Below are some records; each one is to be set down again exactly.
****
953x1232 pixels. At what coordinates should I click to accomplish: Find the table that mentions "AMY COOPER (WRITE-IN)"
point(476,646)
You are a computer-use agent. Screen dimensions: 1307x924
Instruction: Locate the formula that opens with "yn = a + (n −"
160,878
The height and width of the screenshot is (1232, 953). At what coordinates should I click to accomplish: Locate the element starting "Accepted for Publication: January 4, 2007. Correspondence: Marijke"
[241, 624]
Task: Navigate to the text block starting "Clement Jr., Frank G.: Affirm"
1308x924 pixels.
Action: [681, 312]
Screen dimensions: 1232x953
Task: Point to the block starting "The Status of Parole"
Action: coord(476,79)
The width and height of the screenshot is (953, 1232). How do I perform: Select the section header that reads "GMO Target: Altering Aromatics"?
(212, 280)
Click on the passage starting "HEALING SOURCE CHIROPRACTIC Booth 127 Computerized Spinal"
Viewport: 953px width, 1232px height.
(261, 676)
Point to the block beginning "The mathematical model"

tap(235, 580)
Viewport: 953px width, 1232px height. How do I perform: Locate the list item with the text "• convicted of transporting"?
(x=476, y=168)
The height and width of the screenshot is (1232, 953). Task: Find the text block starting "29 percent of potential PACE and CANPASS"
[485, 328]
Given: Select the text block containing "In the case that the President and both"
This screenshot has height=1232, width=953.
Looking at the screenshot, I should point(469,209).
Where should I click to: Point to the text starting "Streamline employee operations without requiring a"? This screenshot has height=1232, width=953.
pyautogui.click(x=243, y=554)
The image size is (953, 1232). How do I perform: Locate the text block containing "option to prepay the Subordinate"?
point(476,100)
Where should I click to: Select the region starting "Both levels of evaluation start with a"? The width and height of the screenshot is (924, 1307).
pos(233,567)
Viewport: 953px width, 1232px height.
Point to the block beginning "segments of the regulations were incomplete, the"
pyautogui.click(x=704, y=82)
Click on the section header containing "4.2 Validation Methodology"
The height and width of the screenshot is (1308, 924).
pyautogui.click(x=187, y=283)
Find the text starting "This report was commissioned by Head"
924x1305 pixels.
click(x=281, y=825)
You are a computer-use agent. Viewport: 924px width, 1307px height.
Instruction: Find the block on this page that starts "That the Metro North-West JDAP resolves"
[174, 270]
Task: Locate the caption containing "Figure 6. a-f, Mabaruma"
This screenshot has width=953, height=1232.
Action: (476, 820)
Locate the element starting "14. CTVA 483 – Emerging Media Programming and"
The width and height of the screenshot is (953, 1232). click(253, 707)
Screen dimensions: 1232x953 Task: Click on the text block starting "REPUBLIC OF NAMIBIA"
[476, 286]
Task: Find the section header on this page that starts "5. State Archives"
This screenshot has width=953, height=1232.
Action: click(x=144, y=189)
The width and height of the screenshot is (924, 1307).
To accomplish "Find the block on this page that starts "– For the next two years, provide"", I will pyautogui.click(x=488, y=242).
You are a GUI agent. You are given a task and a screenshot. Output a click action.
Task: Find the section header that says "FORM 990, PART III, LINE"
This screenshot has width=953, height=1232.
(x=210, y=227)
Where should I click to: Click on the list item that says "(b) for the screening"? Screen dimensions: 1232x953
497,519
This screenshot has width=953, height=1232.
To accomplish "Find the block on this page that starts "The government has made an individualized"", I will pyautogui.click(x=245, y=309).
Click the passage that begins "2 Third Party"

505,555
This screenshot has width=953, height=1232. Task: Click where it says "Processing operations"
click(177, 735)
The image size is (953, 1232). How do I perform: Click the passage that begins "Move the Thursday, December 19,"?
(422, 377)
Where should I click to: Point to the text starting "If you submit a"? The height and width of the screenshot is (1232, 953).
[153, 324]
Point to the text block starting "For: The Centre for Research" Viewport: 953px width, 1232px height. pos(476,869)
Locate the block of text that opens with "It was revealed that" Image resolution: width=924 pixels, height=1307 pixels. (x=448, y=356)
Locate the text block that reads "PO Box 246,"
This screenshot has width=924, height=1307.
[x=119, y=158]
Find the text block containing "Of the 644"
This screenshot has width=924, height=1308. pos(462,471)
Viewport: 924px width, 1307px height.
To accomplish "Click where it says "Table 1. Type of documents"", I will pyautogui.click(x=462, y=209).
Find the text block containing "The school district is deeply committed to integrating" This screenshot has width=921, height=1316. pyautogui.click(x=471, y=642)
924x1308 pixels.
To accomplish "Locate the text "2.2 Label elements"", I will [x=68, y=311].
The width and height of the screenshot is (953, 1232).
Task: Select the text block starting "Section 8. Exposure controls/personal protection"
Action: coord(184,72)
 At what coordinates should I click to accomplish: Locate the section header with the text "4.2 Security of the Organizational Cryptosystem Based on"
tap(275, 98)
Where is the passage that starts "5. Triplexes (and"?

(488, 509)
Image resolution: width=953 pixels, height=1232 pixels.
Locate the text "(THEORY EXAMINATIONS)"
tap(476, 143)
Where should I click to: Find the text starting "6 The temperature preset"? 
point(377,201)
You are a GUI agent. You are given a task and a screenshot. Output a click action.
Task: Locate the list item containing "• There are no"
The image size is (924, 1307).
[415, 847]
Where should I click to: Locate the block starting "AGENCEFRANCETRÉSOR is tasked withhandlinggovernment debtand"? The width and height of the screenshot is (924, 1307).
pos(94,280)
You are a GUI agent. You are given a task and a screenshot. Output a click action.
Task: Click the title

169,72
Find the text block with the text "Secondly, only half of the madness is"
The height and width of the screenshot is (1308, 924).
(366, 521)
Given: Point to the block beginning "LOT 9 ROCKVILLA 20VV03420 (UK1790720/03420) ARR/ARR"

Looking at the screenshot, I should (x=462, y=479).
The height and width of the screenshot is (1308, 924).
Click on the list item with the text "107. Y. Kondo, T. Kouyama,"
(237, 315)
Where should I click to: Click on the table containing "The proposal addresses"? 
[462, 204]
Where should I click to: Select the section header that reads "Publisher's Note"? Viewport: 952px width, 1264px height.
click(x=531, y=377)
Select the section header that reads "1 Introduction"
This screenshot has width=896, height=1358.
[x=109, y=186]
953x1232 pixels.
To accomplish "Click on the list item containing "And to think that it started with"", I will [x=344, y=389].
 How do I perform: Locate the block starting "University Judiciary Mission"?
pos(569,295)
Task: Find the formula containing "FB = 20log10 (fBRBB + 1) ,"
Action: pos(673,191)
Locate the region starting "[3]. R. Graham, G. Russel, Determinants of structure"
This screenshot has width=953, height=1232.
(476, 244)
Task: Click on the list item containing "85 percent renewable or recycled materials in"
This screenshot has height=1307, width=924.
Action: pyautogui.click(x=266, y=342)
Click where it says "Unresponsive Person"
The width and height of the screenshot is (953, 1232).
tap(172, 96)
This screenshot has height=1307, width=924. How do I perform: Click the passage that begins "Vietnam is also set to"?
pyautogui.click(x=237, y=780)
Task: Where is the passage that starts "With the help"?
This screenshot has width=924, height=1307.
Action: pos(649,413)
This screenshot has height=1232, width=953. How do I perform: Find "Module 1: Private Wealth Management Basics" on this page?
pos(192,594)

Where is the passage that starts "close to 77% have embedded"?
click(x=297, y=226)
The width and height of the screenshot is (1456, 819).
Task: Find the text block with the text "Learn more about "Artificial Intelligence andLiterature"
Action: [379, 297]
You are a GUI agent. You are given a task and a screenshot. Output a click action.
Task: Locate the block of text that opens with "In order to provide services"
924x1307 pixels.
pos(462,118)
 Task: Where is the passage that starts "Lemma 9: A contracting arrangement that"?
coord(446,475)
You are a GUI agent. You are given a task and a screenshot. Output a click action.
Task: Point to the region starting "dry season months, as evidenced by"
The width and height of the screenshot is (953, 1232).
****
[THE ANSWER]
953x1232 pixels. At what coordinates should I click to accomplish: Find the table that mentions "AMY COOPER (WRITE-IN)"
point(476,646)
You are a computer-use agent. Screen dimensions: 1307x924
Instruction: Locate the formula that opens with "yn = a + (n −"
160,878
The height and width of the screenshot is (1232, 953). At what coordinates should I click to accomplish: Locate the element starting "Accepted for Publication: January 4, 2007. Correspondence: Marijke"
[241, 624]
Task: Navigate to the text block starting "Clement Jr., Frank G.: Affirm"
1308x924 pixels.
Action: [681, 312]
Screen dimensions: 1232x953
Task: Point to the block starting "The Status of Parole"
Action: coord(476,79)
The width and height of the screenshot is (953, 1232). How do I perform: Select the section header that reads "GMO Target: Altering Aromatics"?
(212, 280)
Click on the passage starting "HEALING SOURCE CHIROPRACTIC Booth 127 Computerized Spinal"
Viewport: 953px width, 1232px height.
(261, 676)
Point to the block beginning "The mathematical model"

tap(235, 580)
Viewport: 953px width, 1232px height. How do I perform: Locate the list item with the text "• convicted of transporting"?
(x=476, y=168)
The height and width of the screenshot is (1232, 953). Task: Find the text block starting "29 percent of potential PACE and CANPASS"
[485, 328]
Given: Select the text block containing "In the case that the President and both"
This screenshot has height=1232, width=953.
Looking at the screenshot, I should point(469,209).
Where should I click to: Point to the text starting "Streamline employee operations without requiring a"? This screenshot has height=1232, width=953.
pyautogui.click(x=243, y=554)
The image size is (953, 1232). How do I perform: Locate the text block containing "option to prepay the Subordinate"?
point(476,100)
Where should I click to: Select the region starting "Both levels of evaluation start with a"? The width and height of the screenshot is (924, 1307).
pos(233,567)
Viewport: 953px width, 1232px height.
Point to the block beginning "segments of the regulations were incomplete, the"
pyautogui.click(x=704, y=82)
Click on the section header containing "4.2 Validation Methodology"
The height and width of the screenshot is (1308, 924).
pyautogui.click(x=187, y=283)
Find the text starting "This report was commissioned by Head"
924x1305 pixels.
click(x=281, y=825)
You are a computer-use agent. Viewport: 924px width, 1307px height.
Instruction: Find the block on this page that starts "That the Metro North-West JDAP resolves"
[174, 270]
Task: Locate the caption containing "Figure 6. a-f, Mabaruma"
This screenshot has width=953, height=1232.
Action: (476, 820)
Locate the element starting "14. CTVA 483 – Emerging Media Programming and"
The width and height of the screenshot is (953, 1232). click(253, 707)
Screen dimensions: 1232x953 Task: Click on the text block starting "REPUBLIC OF NAMIBIA"
[476, 286]
Task: Find the section header on this page that starts "5. State Archives"
This screenshot has width=953, height=1232.
Action: click(x=144, y=189)
The width and height of the screenshot is (924, 1307).
To accomplish "Find the block on this page that starts "– For the next two years, provide"", I will pyautogui.click(x=488, y=242).
You are a GUI agent. You are given a task and a screenshot. Output a click action.
Task: Find the section header that says "FORM 990, PART III, LINE"
This screenshot has width=953, height=1232.
(x=210, y=227)
Where should I click to: Click on the list item that says "(b) for the screening"? Screen dimensions: 1232x953
497,519
This screenshot has width=953, height=1232.
To accomplish "Find the block on this page that starts "The government has made an individualized"", I will pyautogui.click(x=245, y=309).
Click the passage that begins "2 Third Party"

505,555
This screenshot has width=953, height=1232. Task: Click where it says "Processing operations"
click(177, 735)
The image size is (953, 1232). How do I perform: Click the passage that begins "Move the Thursday, December 19,"?
(422, 377)
Where should I click to: Point to the text starting "If you submit a"? The height and width of the screenshot is (1232, 953).
[153, 324]
Point to the text block starting "For: The Centre for Research" Viewport: 953px width, 1232px height. pos(476,869)
Locate the block of text that opens with "It was revealed that" Image resolution: width=924 pixels, height=1307 pixels. (x=448, y=356)
Locate the text block that reads "PO Box 246,"
This screenshot has width=924, height=1307.
[x=119, y=158]
Find the text block containing "Of the 644"
This screenshot has width=924, height=1308. pos(462,471)
Viewport: 924px width, 1307px height.
To accomplish "Click where it says "Table 1. Type of documents"", I will pyautogui.click(x=462, y=209).
Find the text block containing "The school district is deeply committed to integrating" This screenshot has width=921, height=1316. pyautogui.click(x=471, y=642)
924x1308 pixels.
To accomplish "Locate the text "2.2 Label elements"", I will [x=68, y=311].
The width and height of the screenshot is (953, 1232).
Task: Select the text block starting "Section 8. Exposure controls/personal protection"
Action: coord(184,72)
 At what coordinates should I click to accomplish: Locate the section header with the text "4.2 Security of the Organizational Cryptosystem Based on"
tap(275, 98)
Where is the passage that starts "5. Triplexes (and"?

(488, 509)
Image resolution: width=953 pixels, height=1232 pixels.
Locate the text "(THEORY EXAMINATIONS)"
tap(476, 143)
Where should I click to: Find the text starting "6 The temperature preset"? 
point(377,201)
You are a GUI agent. You are given a task and a screenshot. Output a click action.
Task: Locate the list item containing "• There are no"
The image size is (924, 1307).
[415, 847]
Where should I click to: Locate the block starting "AGENCEFRANCETRÉSOR is tasked withhandlinggovernment debtand"? The width and height of the screenshot is (924, 1307).
pos(94,280)
You are a GUI agent. You are given a task and a screenshot. Output a click action.
Task: Click the title

169,72
Find the text block with the text "Secondly, only half of the madness is"
The height and width of the screenshot is (1308, 924).
(366, 521)
Given: Point to the block beginning "LOT 9 ROCKVILLA 20VV03420 (UK1790720/03420) ARR/ARR"

Looking at the screenshot, I should (x=462, y=479).
The height and width of the screenshot is (1308, 924).
Click on the list item with the text "107. Y. Kondo, T. Kouyama,"
(237, 315)
Where should I click to: Click on the table containing "The proposal addresses"? 
[462, 204]
Where should I click to: Select the section header that reads "Publisher's Note"? Viewport: 952px width, 1264px height.
click(x=531, y=377)
Select the section header that reads "1 Introduction"
This screenshot has width=896, height=1358.
[x=109, y=186]
953x1232 pixels.
To accomplish "Click on the list item containing "And to think that it started with"", I will [x=344, y=389].
 How do I perform: Locate the block starting "University Judiciary Mission"?
pos(569,295)
Task: Find the formula containing "FB = 20log10 (fBRBB + 1) ,"
Action: pos(673,191)
Locate the region starting "[3]. R. Graham, G. Russel, Determinants of structure"
This screenshot has width=953, height=1232.
(476, 244)
Task: Click on the list item containing "85 percent renewable or recycled materials in"
This screenshot has height=1307, width=924.
Action: pyautogui.click(x=266, y=342)
Click where it says "Unresponsive Person"
The width and height of the screenshot is (953, 1232).
tap(172, 96)
This screenshot has height=1307, width=924. How do I perform: Click the passage that begins "Vietnam is also set to"?
pyautogui.click(x=237, y=780)
Task: Where is the passage that starts "With the help"?
This screenshot has width=924, height=1307.
Action: pos(649,413)
This screenshot has height=1232, width=953. How do I perform: Find "Module 1: Private Wealth Management Basics" on this page?
pos(192,594)

Where is the passage that starts "close to 77% have embedded"?
click(x=297, y=226)
The width and height of the screenshot is (1456, 819).
Task: Find the text block with the text "Learn more about "Artificial Intelligence andLiterature"
Action: [379, 297]
You are a GUI agent. You are given a task and a screenshot. Output a click action.
Task: Locate the block of text that opens with "In order to provide services"
924x1307 pixels.
pos(462,118)
 Task: Where is the passage that starts "Lemma 9: A contracting arrangement that"?
coord(446,475)
You are a GUI agent. You are given a task and a screenshot. Output a click action.
Task: Point to the region starting "dry season months, as evidenced by"
The width and height of the screenshot is (953, 1232).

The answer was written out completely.